# Your instructions
Print the lines from the one containing "Horizontal FOV: 60.0°." through the end of the listing below, exactly as written. Any pictures stay out.

######

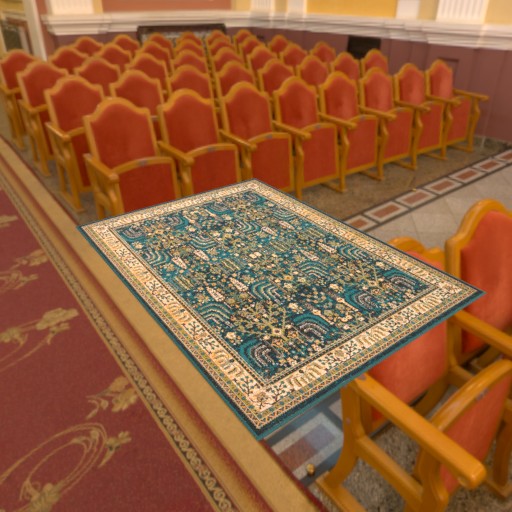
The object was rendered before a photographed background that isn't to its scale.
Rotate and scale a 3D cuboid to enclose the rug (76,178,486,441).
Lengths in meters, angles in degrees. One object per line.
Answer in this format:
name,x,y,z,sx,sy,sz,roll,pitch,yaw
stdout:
rug,0.000,0.000,3.939,2.226,0.015,3.044,-21,37,-31
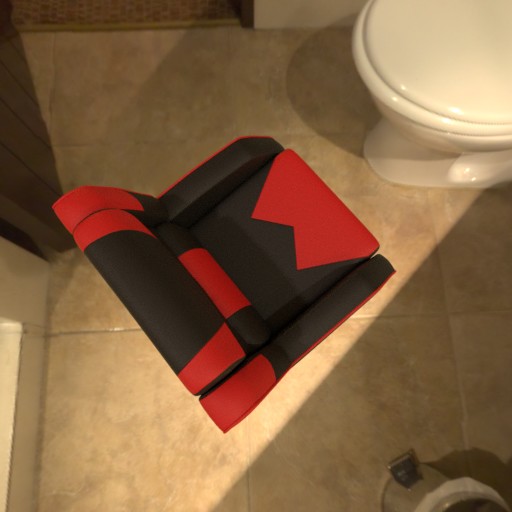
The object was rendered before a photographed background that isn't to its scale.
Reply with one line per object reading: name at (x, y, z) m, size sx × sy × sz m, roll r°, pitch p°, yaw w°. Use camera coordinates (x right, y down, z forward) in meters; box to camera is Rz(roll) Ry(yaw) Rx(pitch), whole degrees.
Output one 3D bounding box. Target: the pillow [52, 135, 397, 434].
pillow at (0.000, 0.000, 1.307) m, size 0.672 × 0.805 × 0.620 m, roll -39°, pitch 79°, yaw -9°
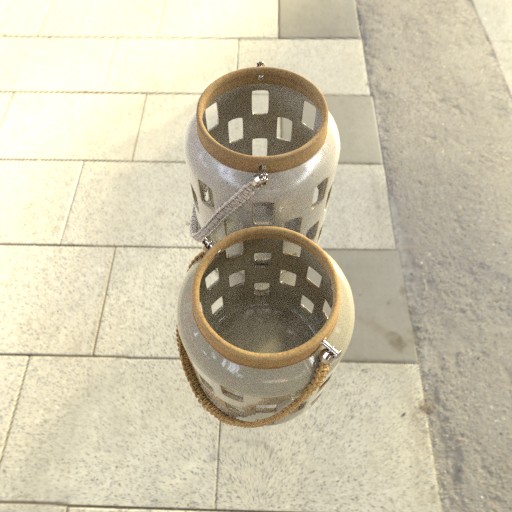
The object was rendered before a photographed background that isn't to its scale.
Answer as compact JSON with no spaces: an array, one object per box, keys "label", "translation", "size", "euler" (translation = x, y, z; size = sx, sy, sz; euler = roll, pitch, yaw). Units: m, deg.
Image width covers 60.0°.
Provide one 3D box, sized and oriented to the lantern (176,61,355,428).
[{"label":"lantern","translation":[0.000,0.000,0.493],"size":[0.184,0.255,0.347],"euler":[-1,60,0]}]
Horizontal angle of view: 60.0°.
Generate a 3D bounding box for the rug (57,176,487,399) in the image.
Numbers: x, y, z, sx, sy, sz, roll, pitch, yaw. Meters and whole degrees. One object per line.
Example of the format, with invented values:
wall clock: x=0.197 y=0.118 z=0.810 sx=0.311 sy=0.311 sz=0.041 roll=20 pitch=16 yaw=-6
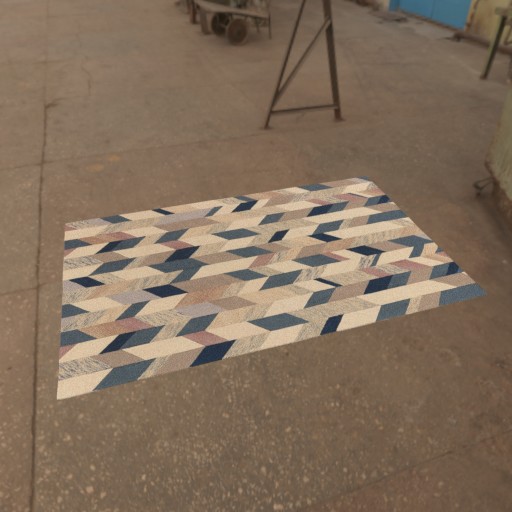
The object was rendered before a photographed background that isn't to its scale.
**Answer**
rug: x=0.000 y=0.000 z=2.919 sx=2.423 sy=0.008 sz=1.513 roll=-11 pitch=40 yaw=-13
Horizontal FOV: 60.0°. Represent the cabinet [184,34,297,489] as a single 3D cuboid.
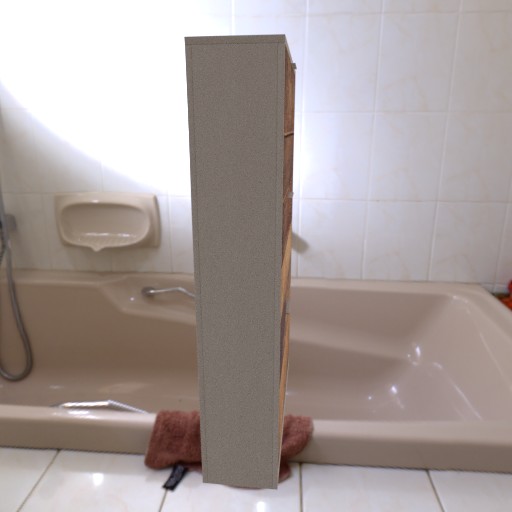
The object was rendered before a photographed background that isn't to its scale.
[{"bbox_3d":[0.000,0.000,1.559,0.250,1.280,0.750,2,17,6],"label":"cabinet"}]
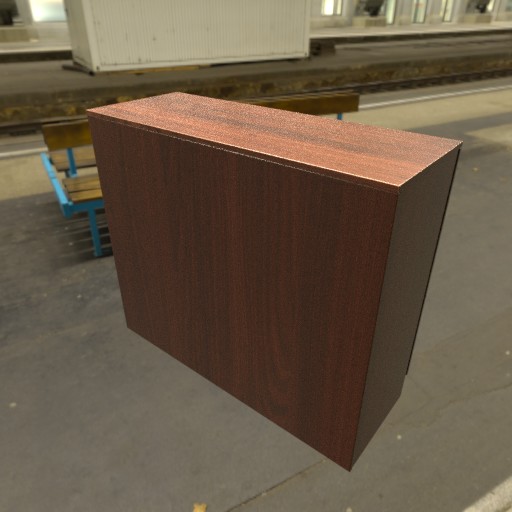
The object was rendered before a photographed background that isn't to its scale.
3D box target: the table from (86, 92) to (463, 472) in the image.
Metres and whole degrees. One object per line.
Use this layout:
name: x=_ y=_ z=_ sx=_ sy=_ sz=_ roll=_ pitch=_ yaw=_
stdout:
table: x=0.000 y=0.000 z=1.328 sx=0.930 sy=0.790 sz=0.380 roll=22 pitch=37 yaw=33
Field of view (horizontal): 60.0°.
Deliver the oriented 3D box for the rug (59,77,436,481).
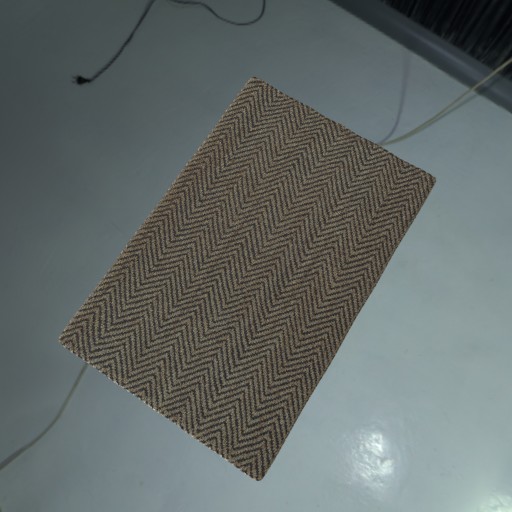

######

# Solution below
Horizontal FOV: 60.0°. Represent the cabinet [184,34,297,489] as a single 3D cuboid.
The object was rendered before a photographed background that isn't to its scale.
[{"bbox_3d":[0.000,0.000,1.559,0.250,1.280,0.750,2,17,6],"label":"cabinet"}]
The object was rendered before a photographed background that isn't to its scale.
3D box target: the table from (86, 92) to (463, 472) in the image.
Metres and whole degrees. One object per line.
Use this layout:
name: x=_ y=_ z=_ sx=_ sy=_ sz=_ roll=_ pitch=_ yaw=_
stdout:
table: x=0.000 y=0.000 z=1.328 sx=0.930 sy=0.790 sz=0.380 roll=22 pitch=37 yaw=33
Field of view (horizontal): 60.0°.
Deliver the oriented 3D box for the rug (59,77,436,481).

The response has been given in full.